The Scottish National party supports amendment 7. The principle that the Secretary of State should look at the OGA to see whether it has the required powers is fundamental, given the change in circumstances. That said, we are content to support the Government amendments. The principle of establishing the OGA, and looking at it after a year, is sound. However, once that has been done, the OGA should be looked at on a three-year rolling basis. The Minister has made a sensible case not to over-burden the OGA with regular reviews and we support that. In conclusion, the SNP will support both the Labour and Government amendments.
I thank the Minister for her response to my explanation of why the amendment is useful for the longer term operational strategy of the OGA. However, I gently suggest that she may have slightly misunderstood my earlier comments. I am certainly not saying that the OGA should be reviewed on an annual basis. I share the Minister’s concerns that were that to be the case, it could well stifle the OGA’s activities.
That is an operational point: how can the OGA best operate over a period of time and how can we make sure that it has the wherewithal to do so? It would have a negative effect to put its operations continually under the microscope, and could stifle its ability to do what we hope it will do best, as far as the future of the North sea is concerned.
We have to look back through the legislation to see exactly where the construction of the OGA comes from. The whole question of strategy arises from the amendment of the Petroleum Act 1998 by the Infrastructure Act to provide the principal objective. Interestingly, that measure refers to “collaboration among”—not regulation between—“the following persons”, and lists some consequences of the principal objective, including the
“development, construction, deployment and use of equipment used in the petroleum industry”.
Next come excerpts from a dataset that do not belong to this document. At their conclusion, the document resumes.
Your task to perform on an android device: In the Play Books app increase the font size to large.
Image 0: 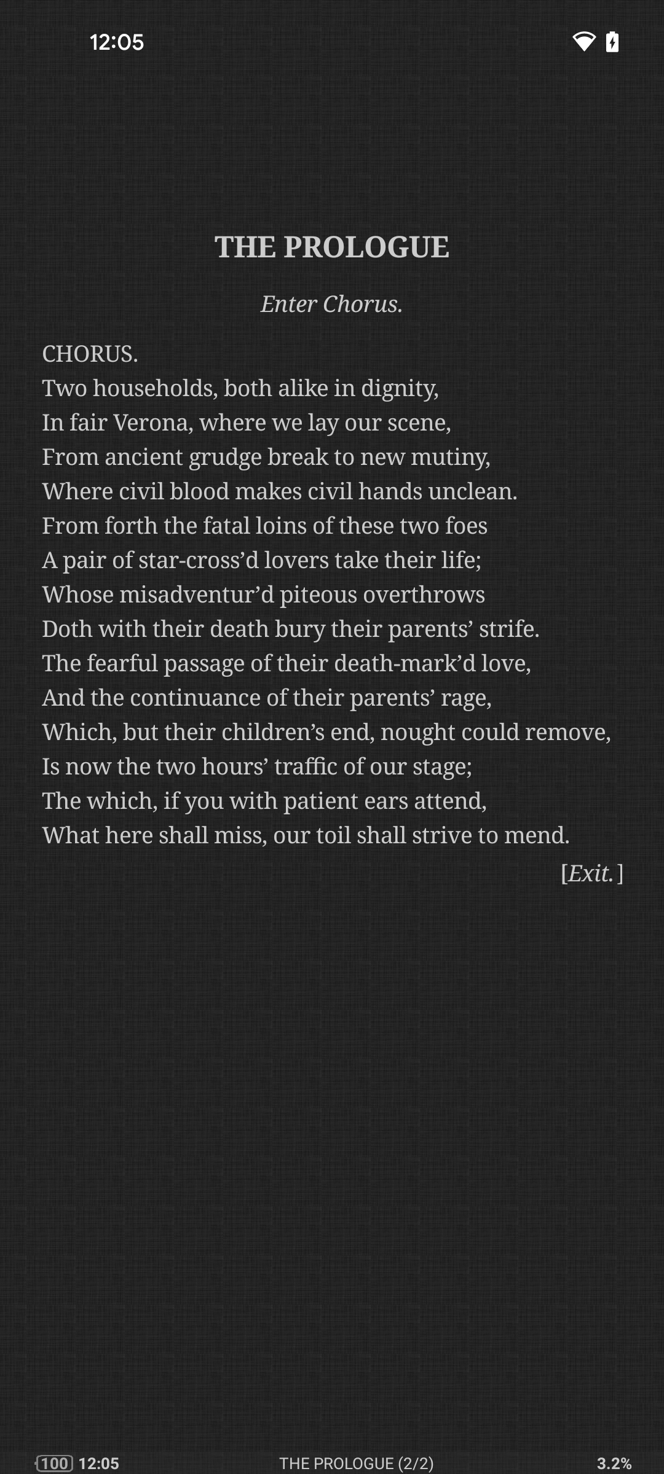
Open the Play books app
Step 0: open app "Google Play Books"
Image 1: 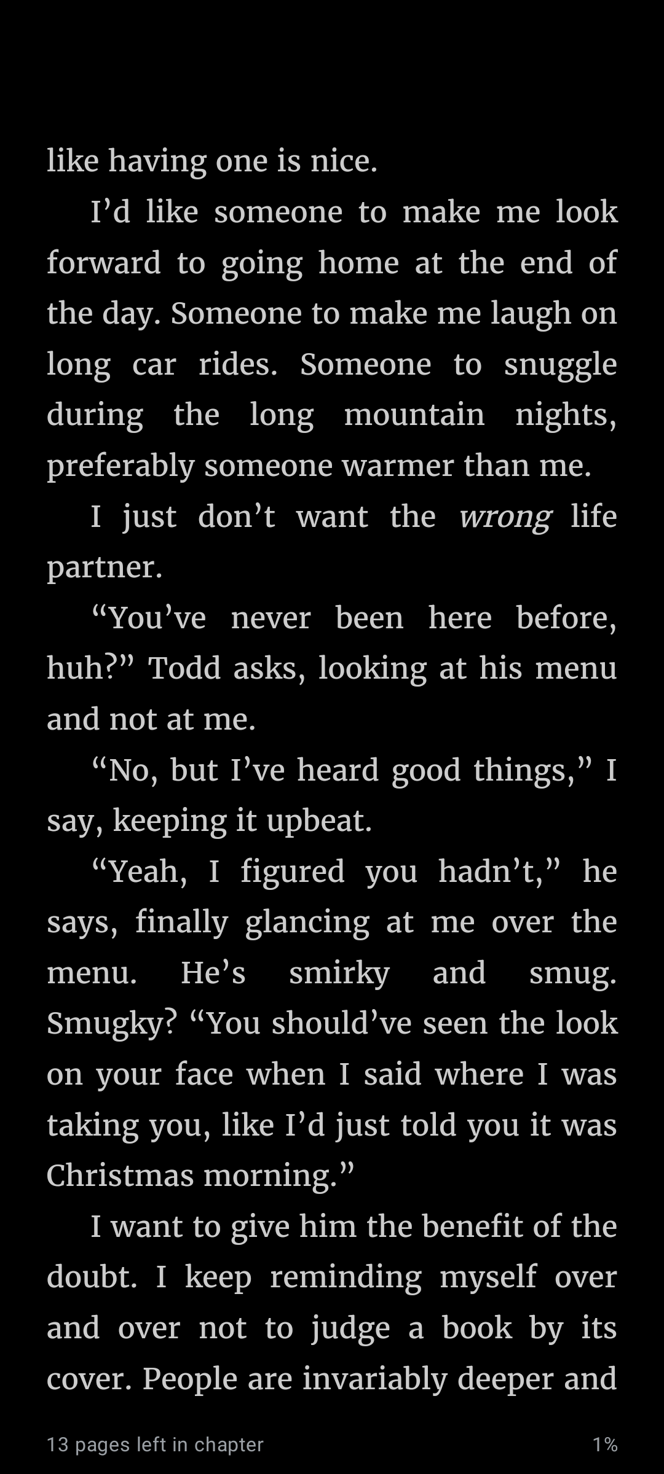
Tab on the top of the screen
Step 1: click (331, 720)
Image 2: 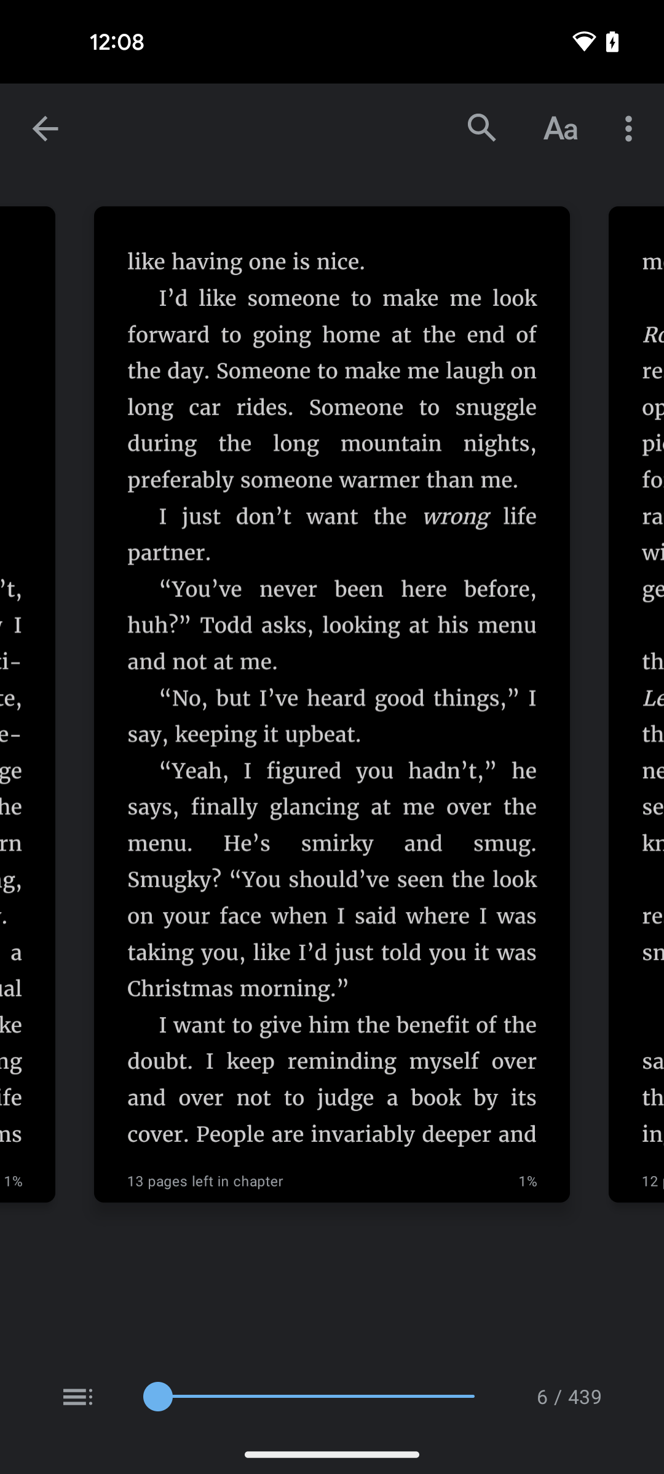
Click on the font icon Aa
Step 2: click (560, 128)
Image 3: 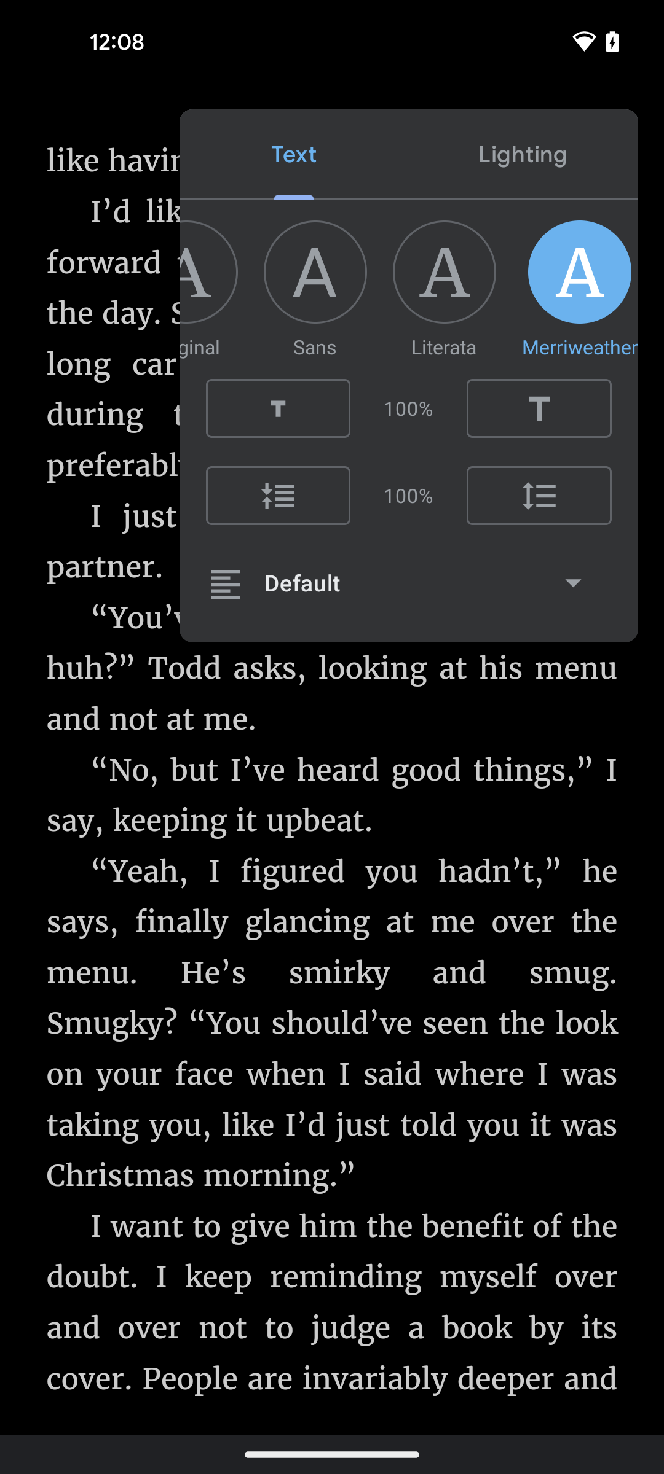
Click on T to increase the font size
Step 3: click (539, 408)

In other words, under that objective, there is a fairly close relationship between the petroleum industry and the OGA.
That is a particular way of proceeding, and it is what is in the legislation, but it may not, as it turns out, be the best way for the future operation of the OGA. The authority could be carrying out its ongoing activities wonderfully, but be stifled by the way in which its powers and objectives have been set up. The review seeks not to run regular speed checks as the OGA goes down the road in the early stages of operation but to look at whether the vehicle in which it has been designed to travel is the best one. It would at the very least be prudent to take the opportunity to consider the situation one year into the OGA’s operation, to ensure that we have got it right, and it could be useful for the authority’s future, whereas longer-term review methods, undertaken too regularly, could cause operational problems.
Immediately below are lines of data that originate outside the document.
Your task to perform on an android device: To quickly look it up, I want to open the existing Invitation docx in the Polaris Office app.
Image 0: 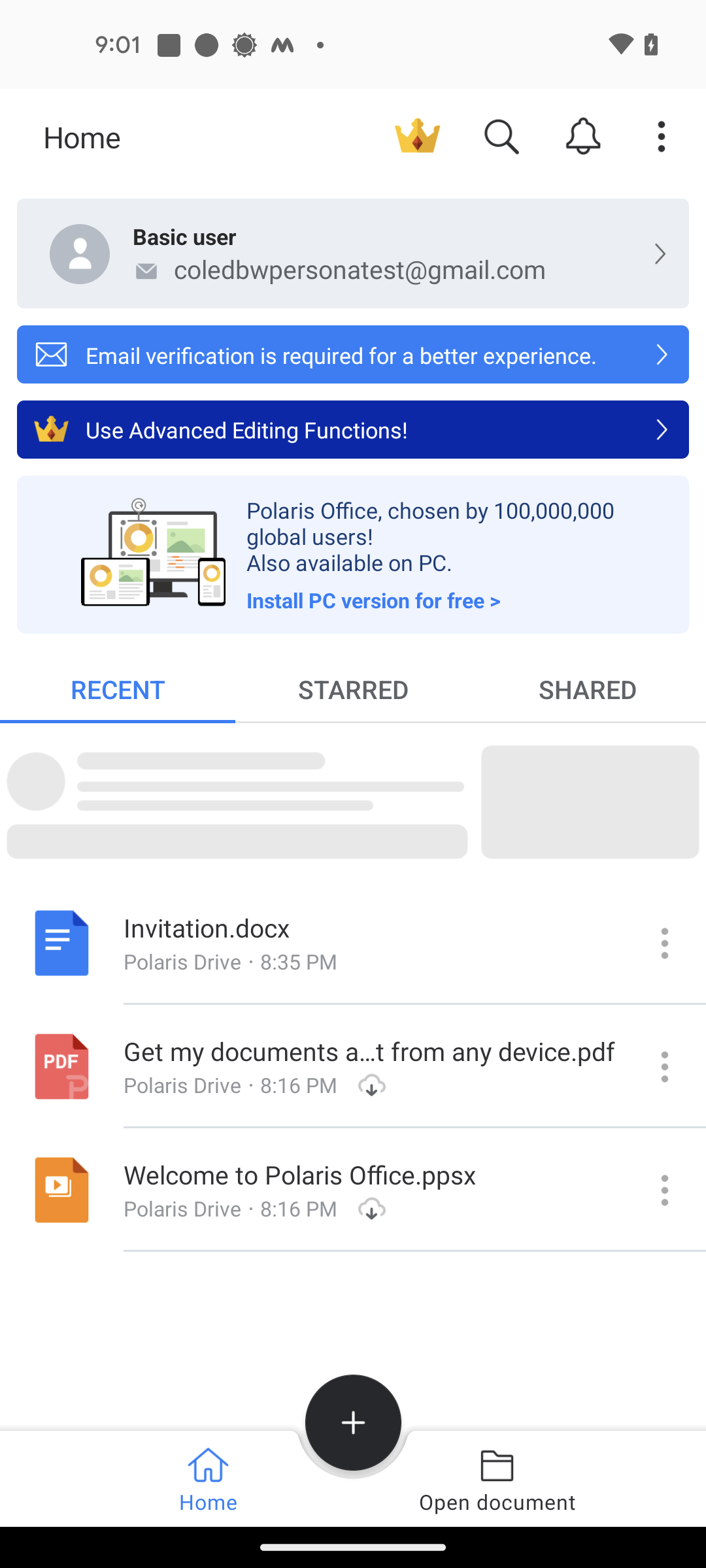
Open the Invitation.docx
Step 0: click (230, 960)
Image 1: 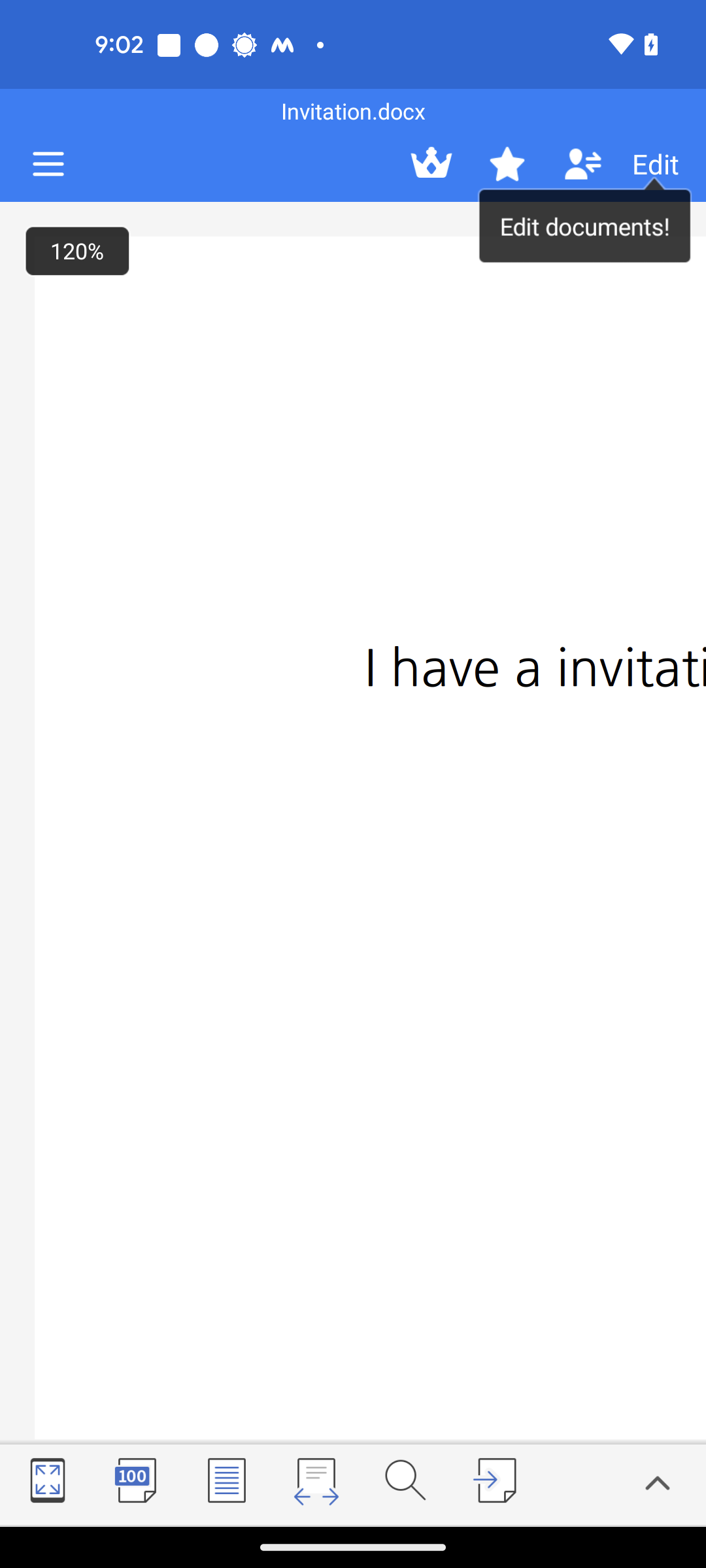
Click on the Expand icon at the bottom left corner of the screen
Step 1: click (52, 1480)
Image 2: 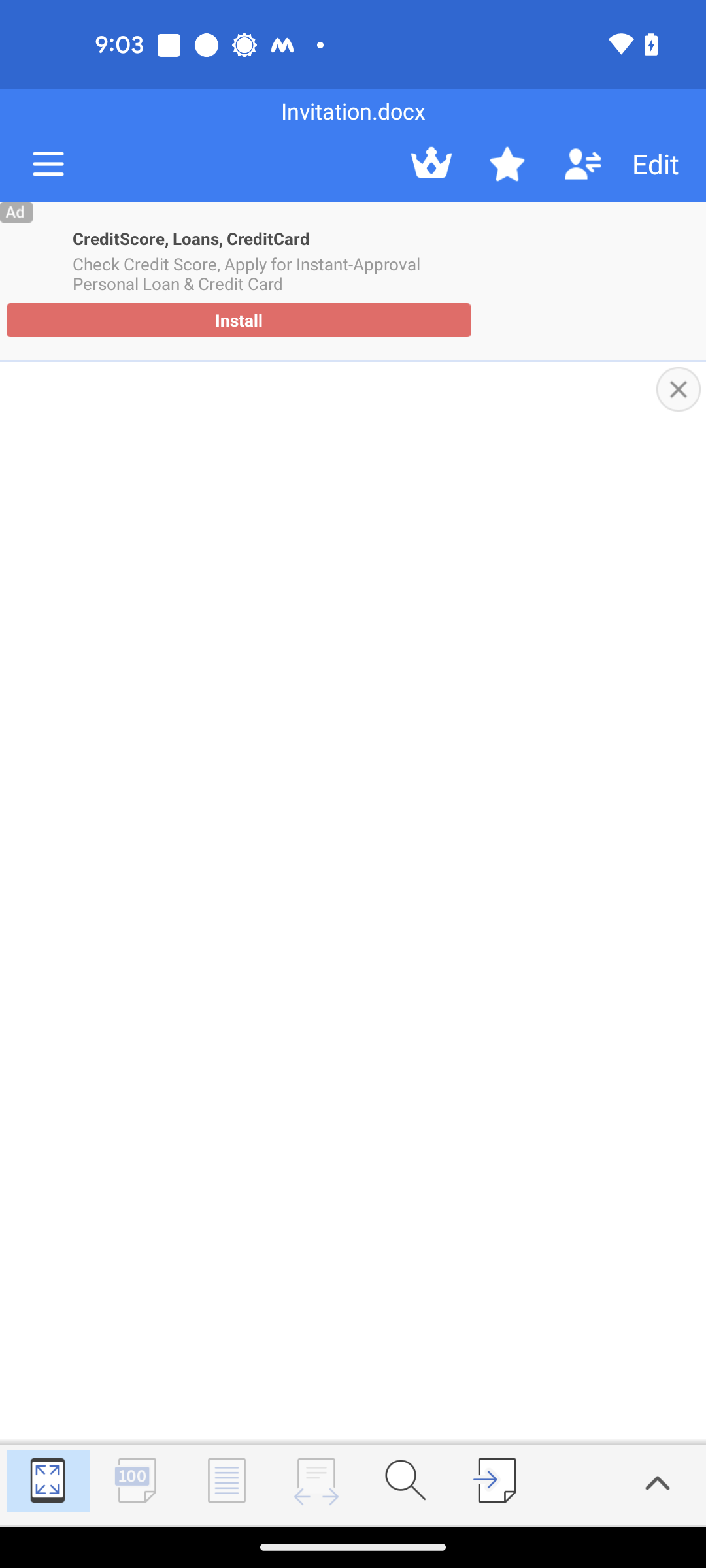
Click on the Close icon below the pop up
Step 2: click (677, 391)
Image 3: 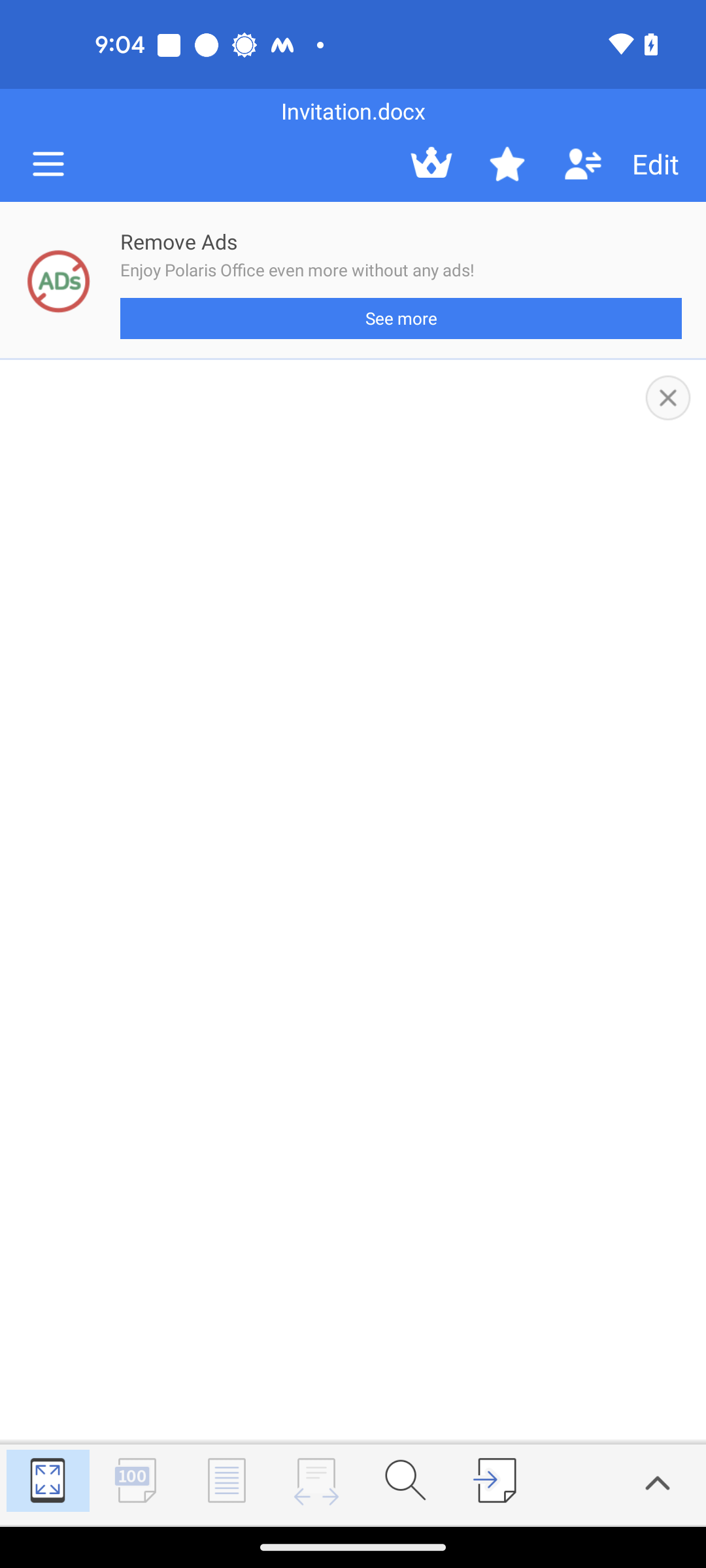
Click on the Close icon below the pop up
Step 3: click (669, 394)

I am happy to withdraw the amendment. I hope, however, that the Minister will consider carefully how the OGA has been set up. Can we be certain that the authority will be as fit for purpose in the future as we think it is today, and might there be mechanisms for reviewing that as the OGA undertakes its operations?
I think that the hon. Gentleman and I agree in principle—clause 17 was introduced because of the need for regular review—but we disagree about how soon the review needs to take place. It would be unsettling for the industry that supported the establishment of the OGA if within a year everything could change, so I feel that one year is too short a time. I am grateful to the hon. Gentleman for withdrawing the amendment.